■ **Records contained in a dataset**:
· · · · ·

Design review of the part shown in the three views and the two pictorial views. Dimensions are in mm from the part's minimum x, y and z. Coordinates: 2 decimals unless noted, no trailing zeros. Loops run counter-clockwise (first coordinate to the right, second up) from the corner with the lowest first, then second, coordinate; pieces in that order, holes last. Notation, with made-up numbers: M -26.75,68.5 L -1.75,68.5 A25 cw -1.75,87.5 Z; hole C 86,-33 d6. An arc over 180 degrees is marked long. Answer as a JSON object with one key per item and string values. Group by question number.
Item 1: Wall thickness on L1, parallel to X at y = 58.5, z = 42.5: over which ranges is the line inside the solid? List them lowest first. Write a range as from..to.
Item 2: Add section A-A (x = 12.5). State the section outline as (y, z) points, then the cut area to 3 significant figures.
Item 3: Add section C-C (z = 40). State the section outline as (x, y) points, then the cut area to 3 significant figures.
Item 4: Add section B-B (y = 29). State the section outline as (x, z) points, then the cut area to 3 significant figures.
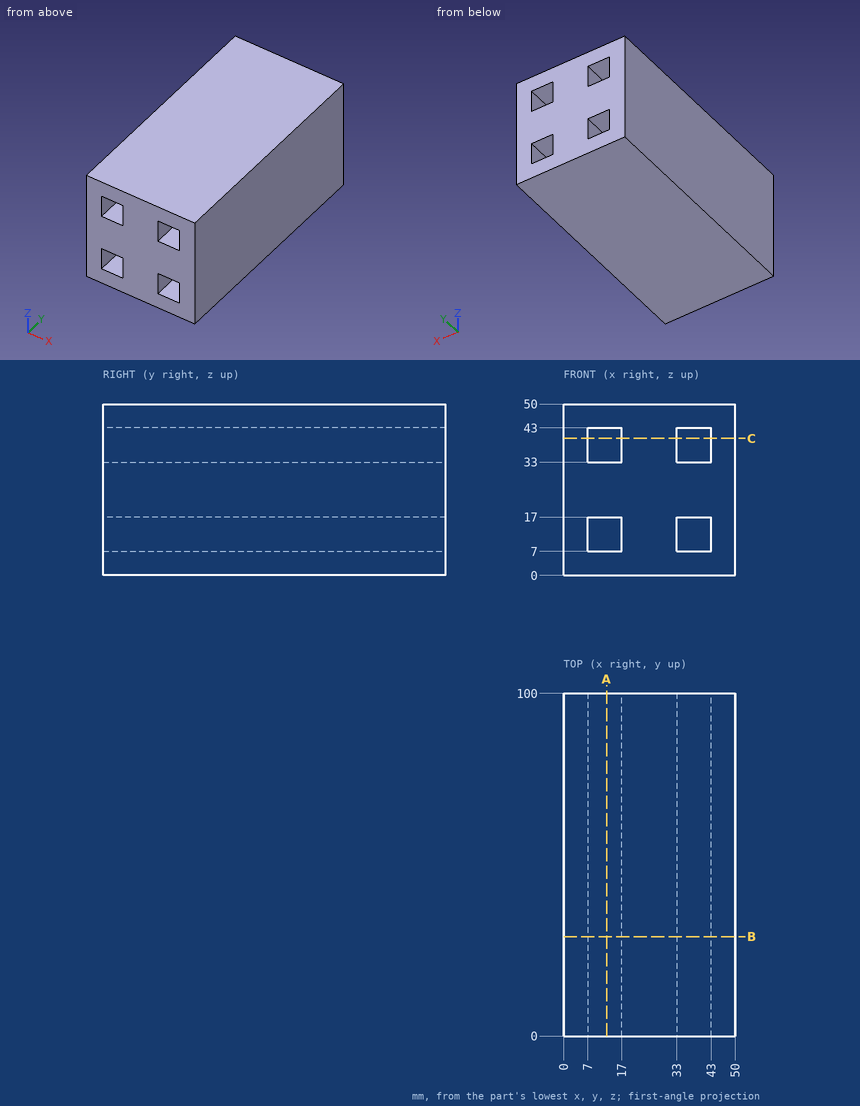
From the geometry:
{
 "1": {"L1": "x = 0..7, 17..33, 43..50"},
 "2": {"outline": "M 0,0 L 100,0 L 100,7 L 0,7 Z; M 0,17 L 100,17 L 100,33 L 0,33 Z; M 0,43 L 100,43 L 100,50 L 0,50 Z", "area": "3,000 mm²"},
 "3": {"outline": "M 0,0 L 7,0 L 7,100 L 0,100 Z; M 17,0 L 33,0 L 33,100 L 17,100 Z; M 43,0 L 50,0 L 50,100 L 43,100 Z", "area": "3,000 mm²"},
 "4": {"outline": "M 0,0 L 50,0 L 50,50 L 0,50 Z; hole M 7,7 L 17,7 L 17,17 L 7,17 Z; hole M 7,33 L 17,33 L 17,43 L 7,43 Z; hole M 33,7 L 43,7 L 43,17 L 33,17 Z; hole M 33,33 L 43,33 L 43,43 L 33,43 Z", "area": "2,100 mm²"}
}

· · · · ·

■ **PROBLEM**: Copy exactly the line that contains "50,0 L 50,50" and every line after it through the end of the entries, with nothing added.

■ **YOUR SOLUTION**:
 "4": {"outline": "M 0,0 L 50,0 L 50,50 L 0,50 Z; hole M 7,7 L 17,7 L 17,17 L 7,17 Z; hole M 7,33 L 17,33 L 17,43 L 7,43 Z; hole M 33,7 L 43,7 L 43,17 L 33,17 Z; hole M 33,33 L 43,33 L 43,43 L 33,43 Z", "area": "2,100 mm²"}
}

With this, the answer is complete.